Últimamente he ido a un montón de museos. Mis meses en España me han permitido disfrutar de joyas madrileñas como El Prado, el Thyssen o, a menor escala pero no menor belleza, el Romántico. Me ha quedado claro que la cultura atrae turistas como moscas la miel. En algunas salas, como la de Las Meninas o la del Guernica, uno tiene que ejercer de contorsionista para no ser desbordado por hordas de turistas que, cámara en ristre, van de sala en sala indiferentes a otra cosa que no sea hacer la foto de rigor. Los museos, cualquier monumento histórico, se han convertido en carne de turismo de masas y el pobre amante del arte y de la historia no tiene más remedio que compartir su cada vez más magro solaz con marabuntas de chinos o estampidas de gringos en pantaloncito corto y gorra de béisbol que bien pueden desparramarse ante El triunfo de la muerte de Brueghel pensando qué tipo de hamburguesa tragarán un rato después o tomarse un selfi sonrientes y lobotomizados ante el horror de las pinturas negras de Goya.

En fin, ignoren mi diatriba de cascarrabias. De galería en galería, y caminando la Villa y Corte frente al Congreso de los Diputados, una idea anidó en mi atribulada mente: ¿Irán nuestros descendientes a museos dedicados a la democracia como nosotros vamos hoy a otros dedicados a la pintura, el arte y la cultura del pasado? En nuestra necia vanidad tendemos a creer que nunca moriremos y que lo que hoy damos por hecho resistirá cualquier moda, pero, ¿quién nos garantiza que la democracia no será, como tantas otras cosas lo son ya, poco más que carne de museo dándole tiempo al tiempo?

Viendo a brutos como al líder de pelo zanahorio (encarnación de todo lo que va mal en este triste mundo), así como a tantos otros en latitudes mucho más cercanas, pobres de ellos, apenas capacitados para conjugar dos frases seguidas con cierto sentido, asistiendo al desarrollo de los acontecimientos en los cuatro puntos cardinales, a la progresiva idiotización de los pueblos y a su fascinante desprecio por la razón en nombre de la emoción, uno se pregunta si la frágil y delicada democracia tiene futuro o si no empieza a ser más que un modo de resolver los problemas propio de tiempos ya pasados, reliquia de una civilización desaparecida, objeto de memoria destinado a descansar en una sala de exposiciones.
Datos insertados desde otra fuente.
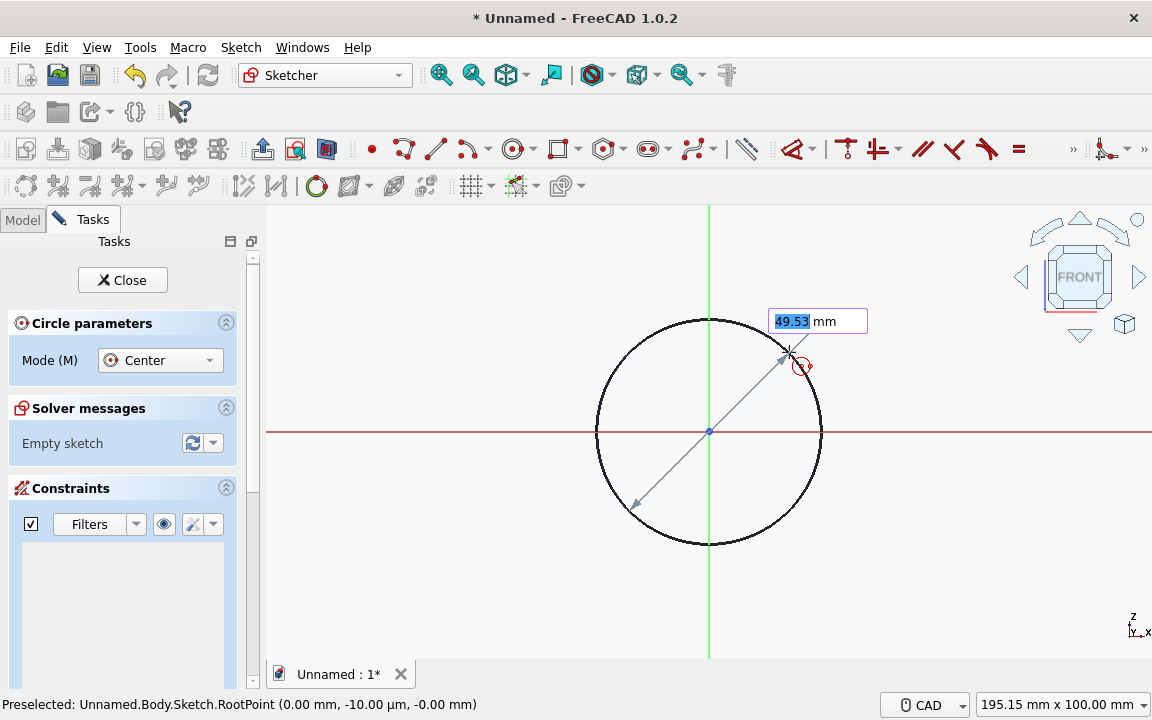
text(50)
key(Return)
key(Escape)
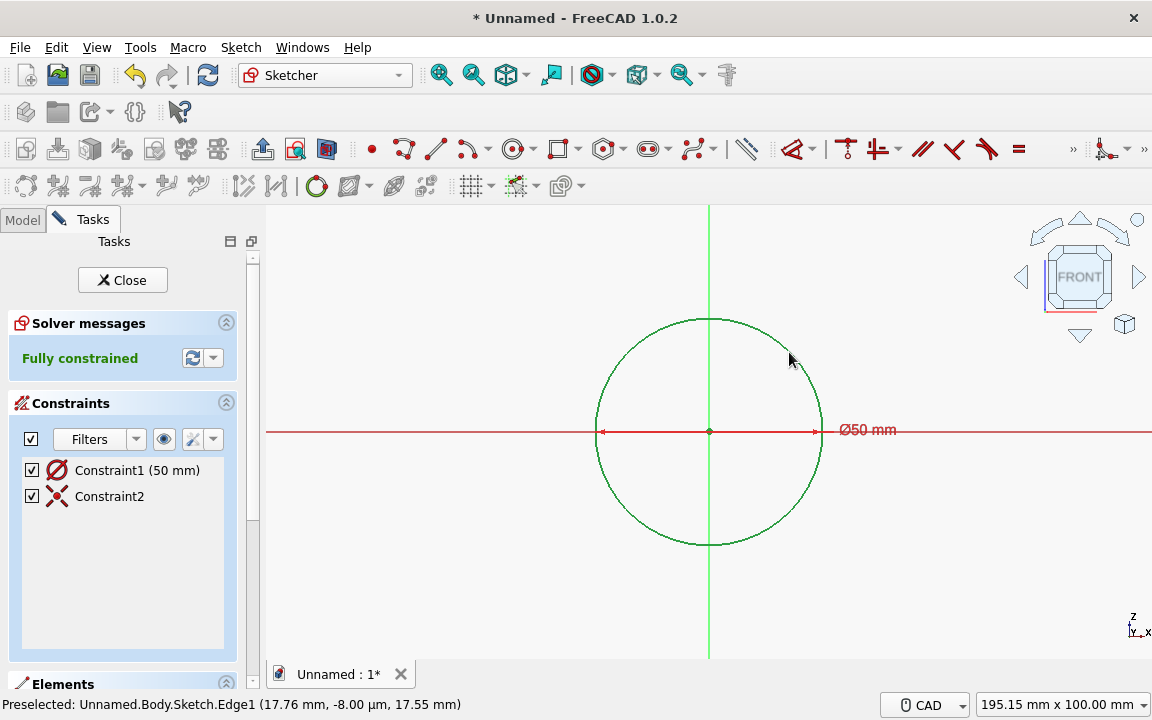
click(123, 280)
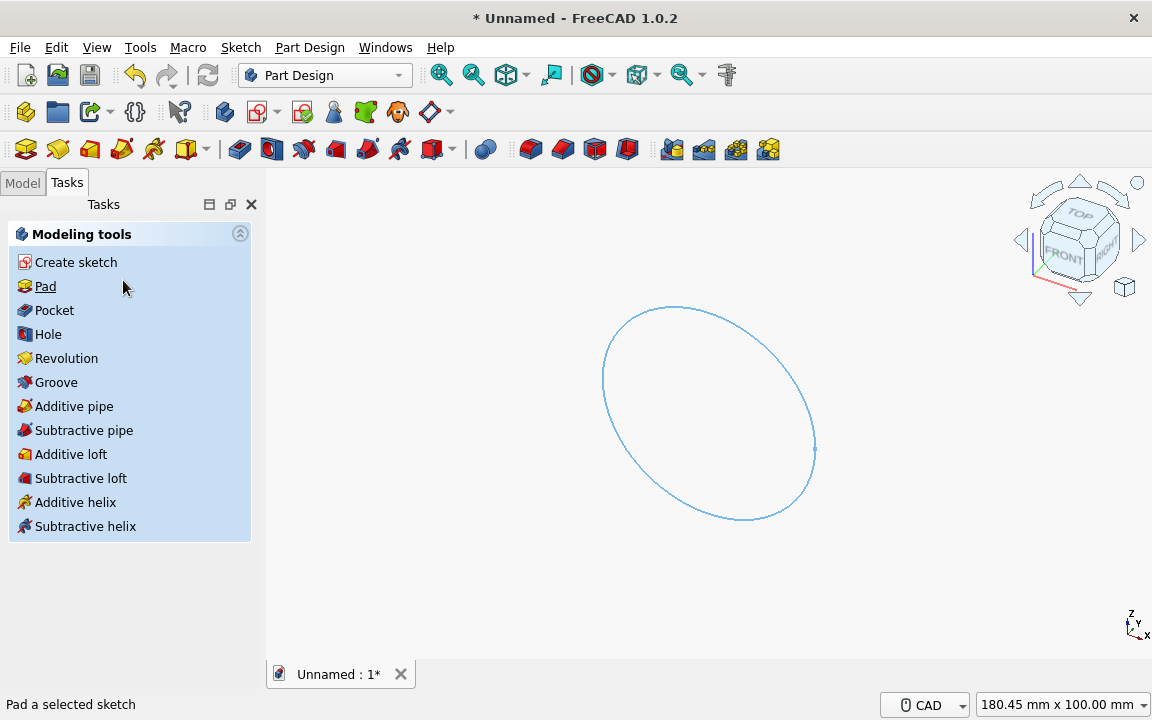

Quizá antes de que muramos nos dará tiempo a descubrir que la democracia ya se fue y que en su lugar sólo queda una habitación espaciosa, blanca y desnuda en la que un cartel nos muestra una vieja Constitución bajo el lema: aquí yace la democracia, prohibido hacer fotos. Si se diera el caso, supongo que yo estaría allí viendo el espectáculo. Y, triste de mí, seguro que a mi alrededor no habría otra cosa que turistas vociferantes y felices, como sólo pueden serlo los idiotas, admirando esa criatura exótica y ajada que el viejo inmóvil y amargado que habría a su lado hubo un día en que llamó libertad.